L’amore è un valore eterno presso Dio, e nello stesso tempo un valore molto terreno poiché costruisce il giusto dove giustizia non c’è. L’amore per il prossimo andrebbe insegnato nelle scuole come il perno di una nuova rivoluzione sociale. Il vangelo tuttavia ci richiama a un certo realismo: “i poveri li avrete sempre con voi” (Mc 14,7). Pur bramando un mondo perfetto, siamo consapevoli che esso rappresenta un ideale mai raggiungibile veramente. Mentre però si combattono malattie e si favorisce l’emancipazione di ogni uomo, cresce ciò che non passa, cresce la carità nella dedizione ai più fragili. In una nota intervista disse Patch Adams, l’uomo che ha dedicato la sua vita al volontariato ricreativo negli ospedali: “Non saremo mai in grado di promettere a nessuno la guarigione, ma dovremo sempre promettere di prenderci cura di un paziente”. Molto note sono poi le parole tratte dal film a lui dedicato: “Se curi una malattia puoi vincere o perdere, se ti prendi cura di una persona vinci sempre”.

Al malato si può così portare conforto offrendo un senso alla sua malattia. Non come è successo a Giobbe, che è rimasto senza risposte e denigrato dagli amici. Il malato ha bisogno di ascolto, ha bisogno che si agisca con pazienza nei suoi confronti. In questo modo lo si conforta e lo si può risollevare. La malattia è un’occasione per partecipare della sofferenza di Cristo. Solo in Cristo infatti la sofferenza acquista un senso, poiché Cristo ha preso la croce per noi e con noi.

A chi è in carcere invece si deve dare fiducia. Un condannato per qualsiasi reato, un condannato che ha sbagliato, è un uomo che deve ricominciare da capo, ed è un uomo che ha bisogno di fiducia. Il carcerato può disperare della propria condizione, può sentire un opprimente senso di colpa, può provare la mancanza di senso dei suoi giorni. La fede può invece dare speranza, senso e libertà dovunque.

L’afflizione ha ragioni di dolore corporeo ma anche ragioni spirituali e mentali. Consolare vuol dire assumere le ragioni del sofferente. Prestare attenzione, infondere coraggio, riempire il vuoto della solitudine. È afflitto infatti soprattutto chi è abbandonato. Il dolore non deve essere evitato, un motivo di imbarazzo da cui fuggire. Il dolore deve essere assunto, compreso, risollevato. Questo, intendiamo bene, è un servizio al contempo umano e divino. Non si tratta infatti di offrire semplicemente la propria spalla ma della possibilità di mediare il consolatore.

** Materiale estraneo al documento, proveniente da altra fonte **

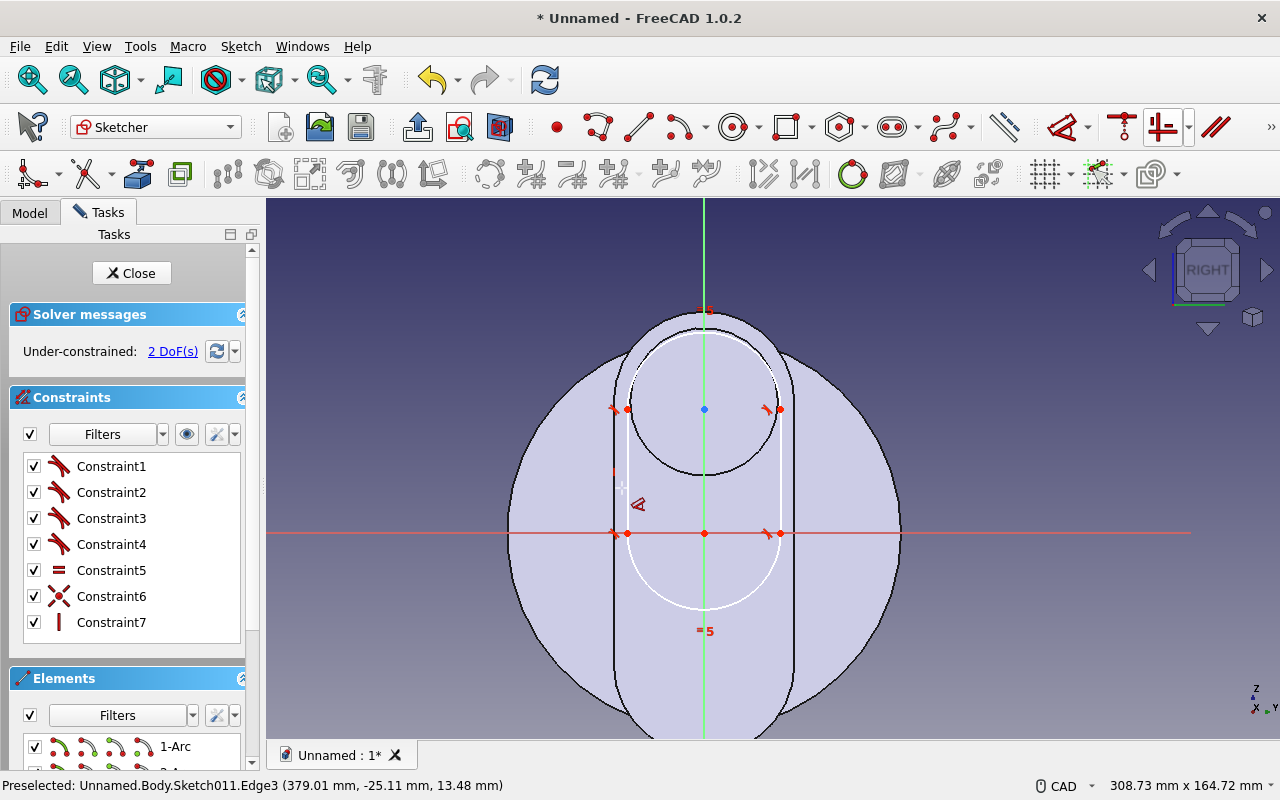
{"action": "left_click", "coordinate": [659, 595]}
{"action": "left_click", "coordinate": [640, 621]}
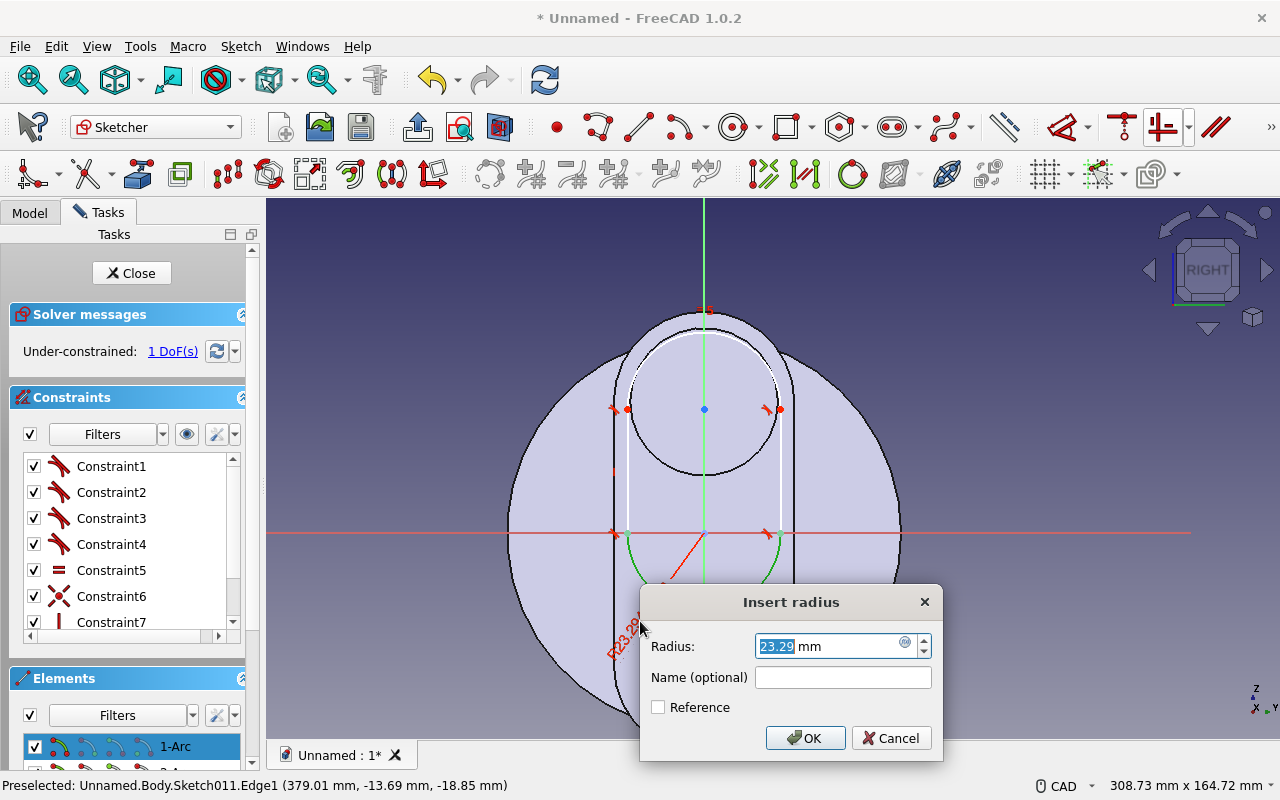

Dio è il consolatore a cui condurre l’afflitto. “Egli ci consola in ogni nostra tribolazione, perché possiamo anche noi consolare quelli che si trovano in ogni genere di afflizione”. E consola e aiuta davvero il prossimo solo chi porta coerentemente su di sé la propria croce. “Come abbondano le sofferenze di Cristo in noi, così per mezzo di Cristo abbonda anche la nostra consolazione” (cfr 1Cor 1,3-7).